[Extracted records Boundary: Start]
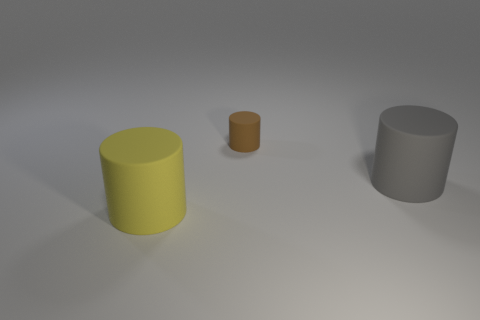There is a cylinder that is the same size as the gray rubber thing; what is its material?
Provide a succinct answer. Rubber. Is the number of big gray matte cylinders right of the large yellow matte thing less than the number of brown objects that are behind the tiny rubber thing?
Your response must be concise. No. There is a thing that is both right of the big yellow rubber object and in front of the small brown object; what shape is it?
Your response must be concise. Cylinder. How many other tiny things are the same shape as the gray object?
Ensure brevity in your answer.  1. There is a brown object that is made of the same material as the gray thing; what is its size?
Provide a succinct answer. Small. Is the number of large yellow cylinders greater than the number of small gray metal objects?
Your response must be concise. Yes. What color is the big object that is right of the big yellow object?
Your answer should be very brief. Gray. How big is the matte object that is both right of the big yellow matte thing and left of the large gray rubber cylinder?
Your response must be concise. Small. How many other gray matte objects have the same size as the gray thing?
Keep it short and to the point. 0. What material is the gray thing that is the same shape as the yellow rubber thing?
Your answer should be very brief. Rubber. 
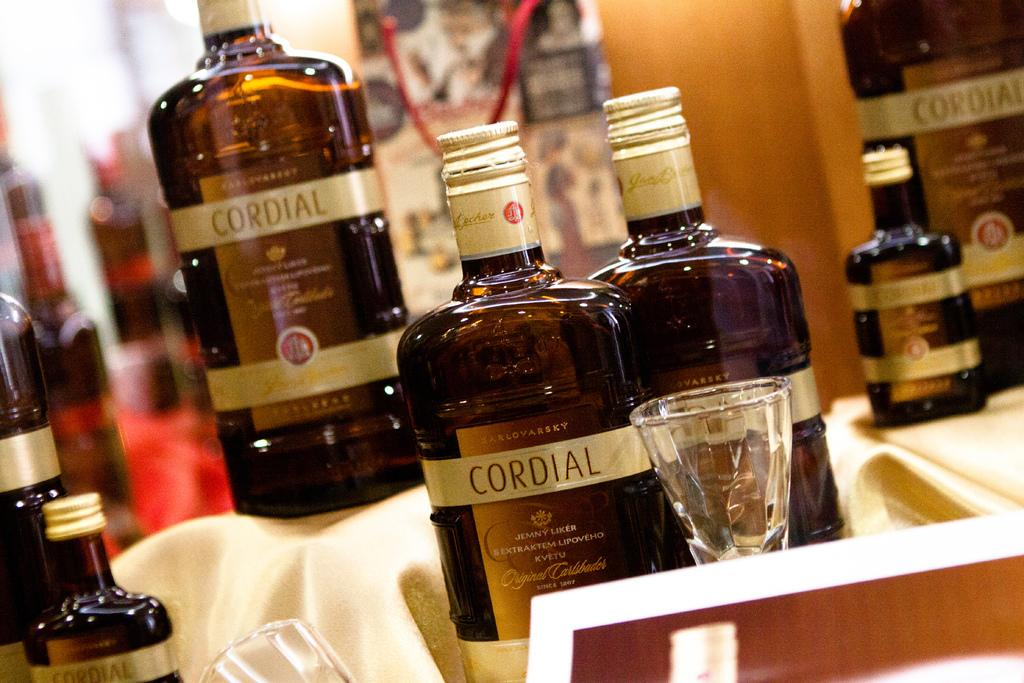<image>
Provide a brief description of the given image. Several bottles of Cordial sit on a table together. 
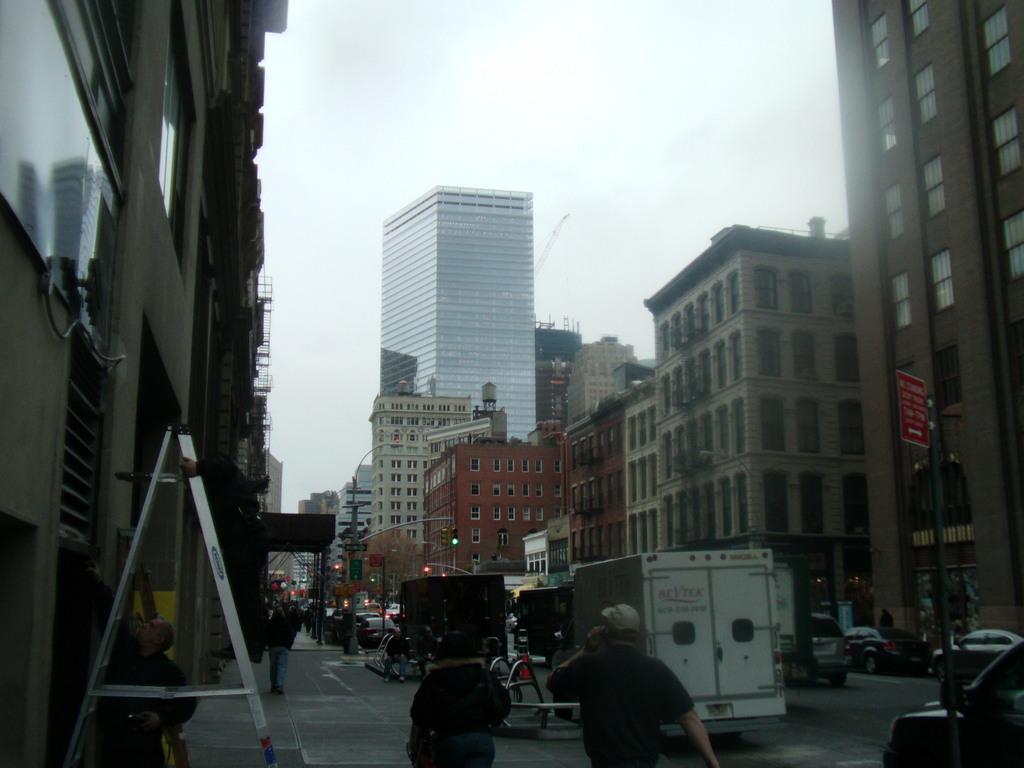How would you summarize this image in a sentence or two? In this image we can see buildings, street poles, traffic lights, motor vehicles and persons on the road. 
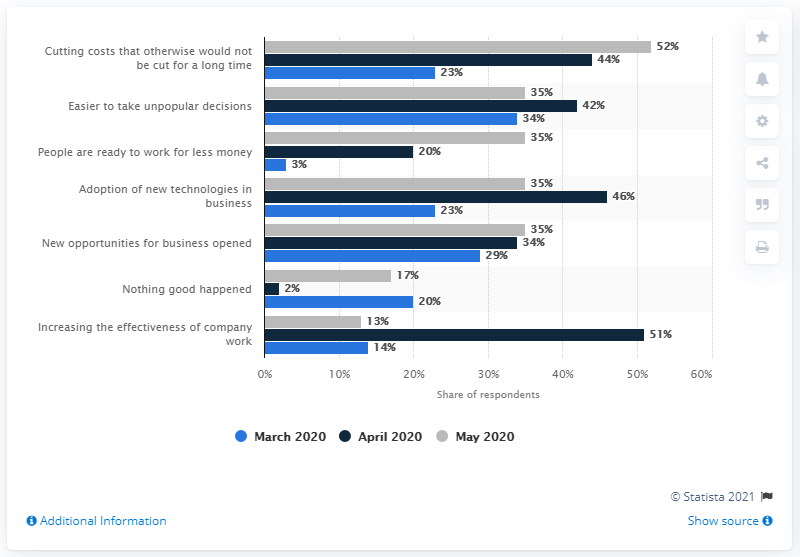Identify some key points in this picture. The COVID-19 pandemic started in May 2020. 
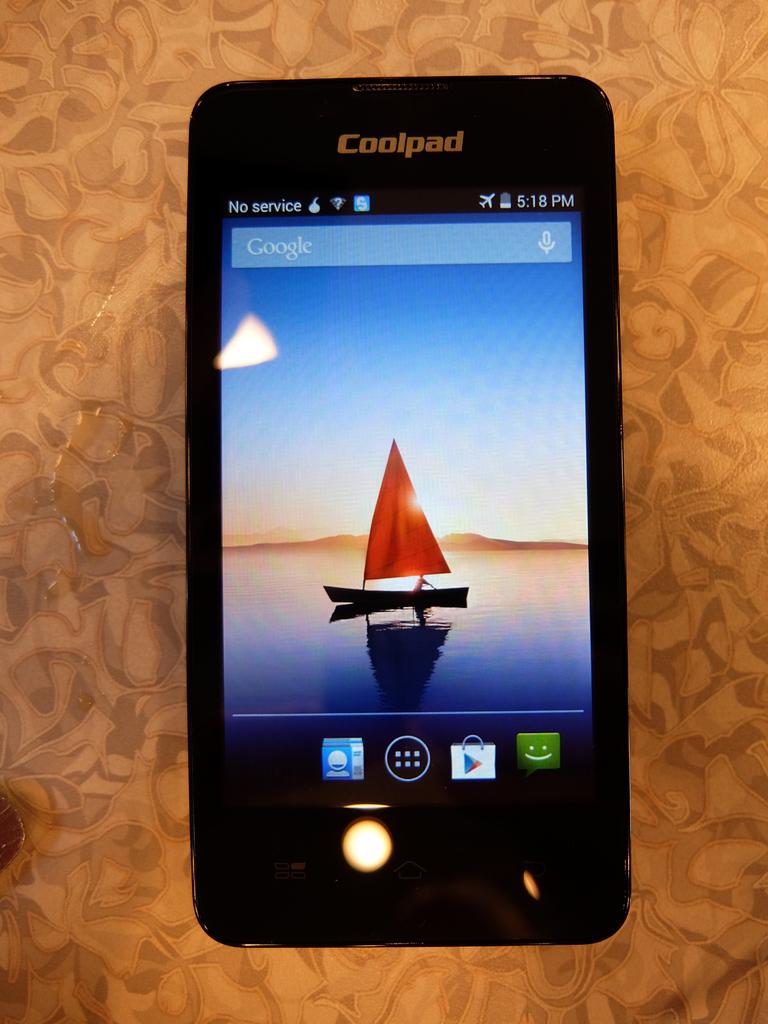What phone type is this?
Give a very brief answer. Coolpad. 
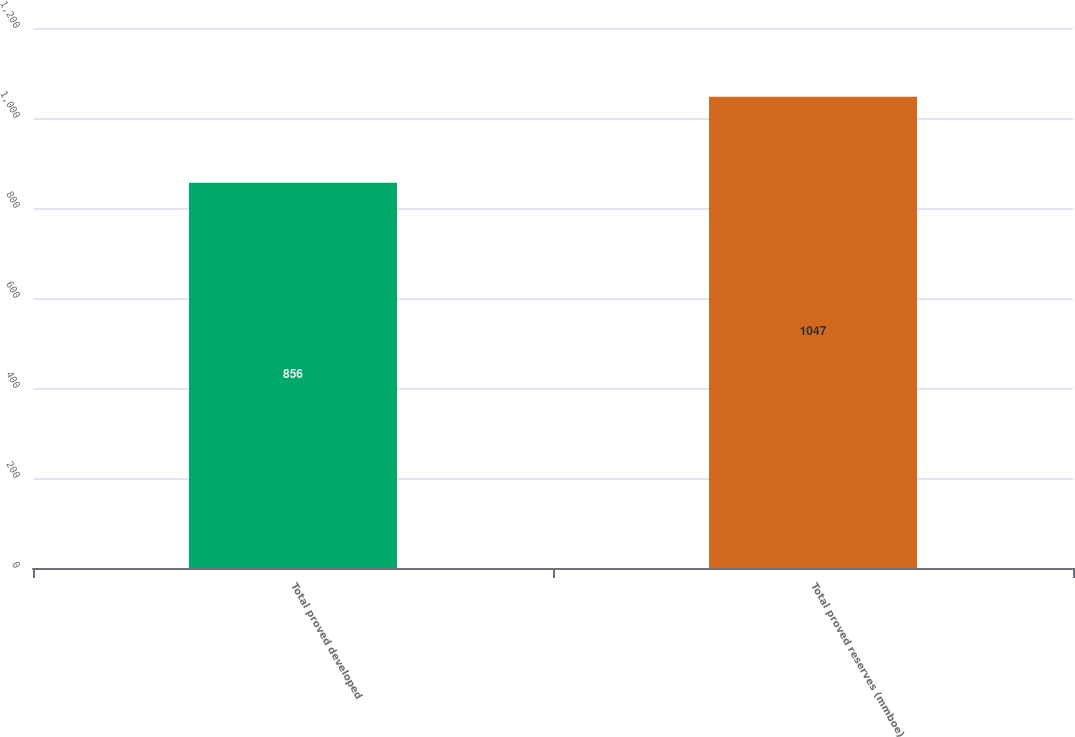Convert chart to OTSL. <chart><loc_0><loc_0><loc_500><loc_500><bar_chart><fcel>Total proved developed<fcel>Total proved reserves (mmboe)<nl><fcel>856<fcel>1047<nl></chart> 
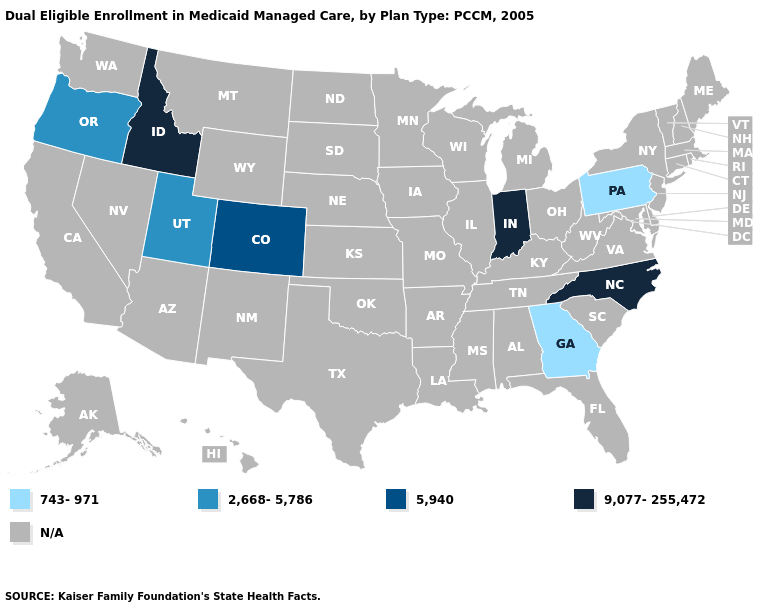What is the lowest value in the USA?
Answer briefly. 743-971. Name the states that have a value in the range 9,077-255,472?
Keep it brief. Idaho, Indiana, North Carolina. What is the lowest value in the West?
Give a very brief answer. 2,668-5,786. Which states have the highest value in the USA?
Be succinct. Idaho, Indiana, North Carolina. Which states have the lowest value in the USA?
Concise answer only. Georgia, Pennsylvania. What is the highest value in states that border Washington?
Short answer required. 9,077-255,472. What is the value of Nebraska?
Concise answer only. N/A. Which states hav the highest value in the West?
Short answer required. Idaho. Name the states that have a value in the range 2,668-5,786?
Be succinct. Oregon, Utah. Name the states that have a value in the range N/A?
Give a very brief answer. Alabama, Alaska, Arizona, Arkansas, California, Connecticut, Delaware, Florida, Hawaii, Illinois, Iowa, Kansas, Kentucky, Louisiana, Maine, Maryland, Massachusetts, Michigan, Minnesota, Mississippi, Missouri, Montana, Nebraska, Nevada, New Hampshire, New Jersey, New Mexico, New York, North Dakota, Ohio, Oklahoma, Rhode Island, South Carolina, South Dakota, Tennessee, Texas, Vermont, Virginia, Washington, West Virginia, Wisconsin, Wyoming.
[Extracted records Boundary: End]
> **Task details**
An exact copy of all the lines above is required, with the pictures removed.

> **Reply to the task**
There is a cylinder that is the same size as the gray rubber thing; what is its material?
Provide a succinct answer. Rubber. Is the number of big gray matte cylinders right of the large yellow matte thing less than the number of brown objects that are behind the tiny rubber thing?
Your response must be concise. No. There is a thing that is both right of the big yellow rubber object and in front of the small brown object; what shape is it?
Your response must be concise. Cylinder. How many other tiny things are the same shape as the gray object?
Ensure brevity in your answer.  1. There is a brown object that is made of the same material as the gray thing; what is its size?
Provide a succinct answer. Small. Is the number of large yellow cylinders greater than the number of small gray metal objects?
Your response must be concise. Yes. What color is the big object that is right of the big yellow object?
Your answer should be very brief. Gray. How big is the matte object that is both right of the big yellow matte thing and left of the large gray rubber cylinder?
Your response must be concise. Small. How many other gray matte objects have the same size as the gray thing?
Keep it short and to the point. 0. What material is the gray thing that is the same shape as the yellow rubber thing?
Your answer should be very brief. Rubber. 
<image>
Provide a brief description of the given image. Several bottles of Cordial sit on a table together. 
How would you summarize this image in a sentence or two? In this image we can see buildings, street poles, traffic lights, motor vehicles and persons on the road. 
Identify some key points in this picture. The COVID-19 pandemic started in May 2020. 
What phone type is this?
Give a very brief answer. Coolpad. 
Convert chart to OTSL. <chart><loc_0><loc_0><loc_500><loc_500><bar_chart><fcel>Total proved developed<fcel>Total proved reserves (mmboe)<nl><fcel>856<fcel>1047<nl></chart> 
What is the lowest value in the USA?
Answer briefly. 743-971. Name the states that have a value in the range 9,077-255,472?
Keep it brief. Idaho, Indiana, North Carolina. What is the lowest value in the West?
Give a very brief answer. 2,668-5,786. Which states have the highest value in the USA?
Be succinct. Idaho, Indiana, North Carolina. Which states have the lowest value in the USA?
Concise answer only. Georgia, Pennsylvania. What is the highest value in states that border Washington?
Short answer required. 9,077-255,472. What is the value of Nebraska?
Concise answer only. N/A. Which states hav the highest value in the West?
Short answer required. Idaho. Name the states that have a value in the range 2,668-5,786?
Be succinct. Oregon, Utah. Name the states that have a value in the range N/A?
Give a very brief answer. Alabama, Alaska, Arizona, Arkansas, California, Connecticut, Delaware, Florida, Hawaii, Illinois, Iowa, Kansas, Kentucky, Louisiana, Maine, Maryland, Massachusetts, Michigan, Minnesota, Mississippi, Missouri, Montana, Nebraska, Nevada, New Hampshire, New Jersey, New Mexico, New York, North Dakota, Ohio, Oklahoma, Rhode Island, South Carolina, South Dakota, Tennessee, Texas, Vermont, Virginia, Washington, West Virginia, Wisconsin, Wyoming.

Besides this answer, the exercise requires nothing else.